◆ WHAT THIS TASK INVOLVES:
Which lines of the records below contain the word "under"? Show each one.

◆ DATA:
=== Section Start ===

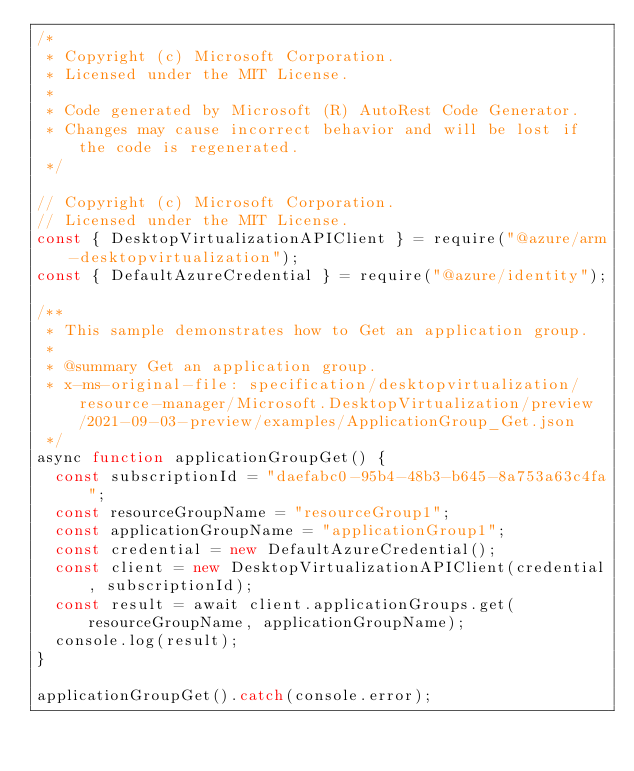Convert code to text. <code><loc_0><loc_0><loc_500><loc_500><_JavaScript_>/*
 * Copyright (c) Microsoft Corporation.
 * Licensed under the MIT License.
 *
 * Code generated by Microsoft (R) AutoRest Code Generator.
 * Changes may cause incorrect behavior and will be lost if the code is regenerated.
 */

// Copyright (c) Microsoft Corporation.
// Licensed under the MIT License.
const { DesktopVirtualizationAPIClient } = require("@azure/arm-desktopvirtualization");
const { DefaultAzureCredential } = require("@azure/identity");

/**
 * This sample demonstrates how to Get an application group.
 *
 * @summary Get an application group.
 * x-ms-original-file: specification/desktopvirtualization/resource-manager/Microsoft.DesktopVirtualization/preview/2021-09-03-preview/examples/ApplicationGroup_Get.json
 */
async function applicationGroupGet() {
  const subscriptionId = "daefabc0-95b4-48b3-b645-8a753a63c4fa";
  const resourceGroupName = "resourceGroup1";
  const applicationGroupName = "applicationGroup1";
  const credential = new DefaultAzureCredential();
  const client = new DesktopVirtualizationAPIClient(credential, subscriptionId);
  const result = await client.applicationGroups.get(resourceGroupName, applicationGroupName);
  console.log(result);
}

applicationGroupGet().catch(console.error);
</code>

=== Section End ===
=== Section Start ===

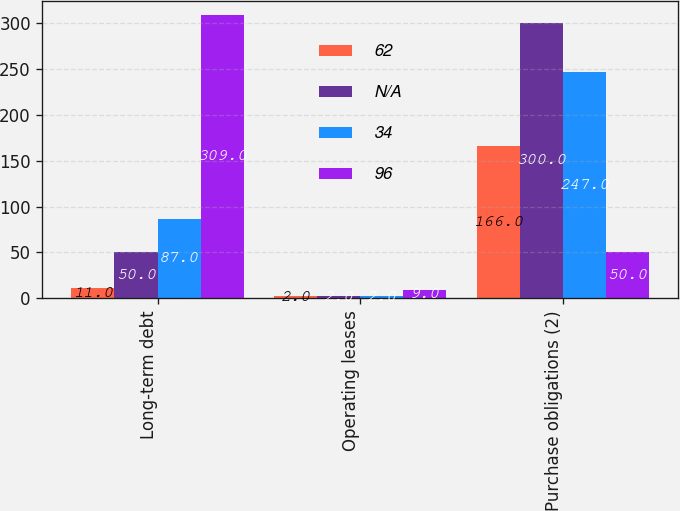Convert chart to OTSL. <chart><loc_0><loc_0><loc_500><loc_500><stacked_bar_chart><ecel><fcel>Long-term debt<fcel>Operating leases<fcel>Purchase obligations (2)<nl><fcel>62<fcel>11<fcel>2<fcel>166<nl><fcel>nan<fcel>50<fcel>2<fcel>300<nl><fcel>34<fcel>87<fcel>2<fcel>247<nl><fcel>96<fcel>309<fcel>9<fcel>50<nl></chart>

=== Section End ===

◆ SOLUTION TO THIS PROBLEM:
 * Licensed under the MIT License.
// Licensed under the MIT License.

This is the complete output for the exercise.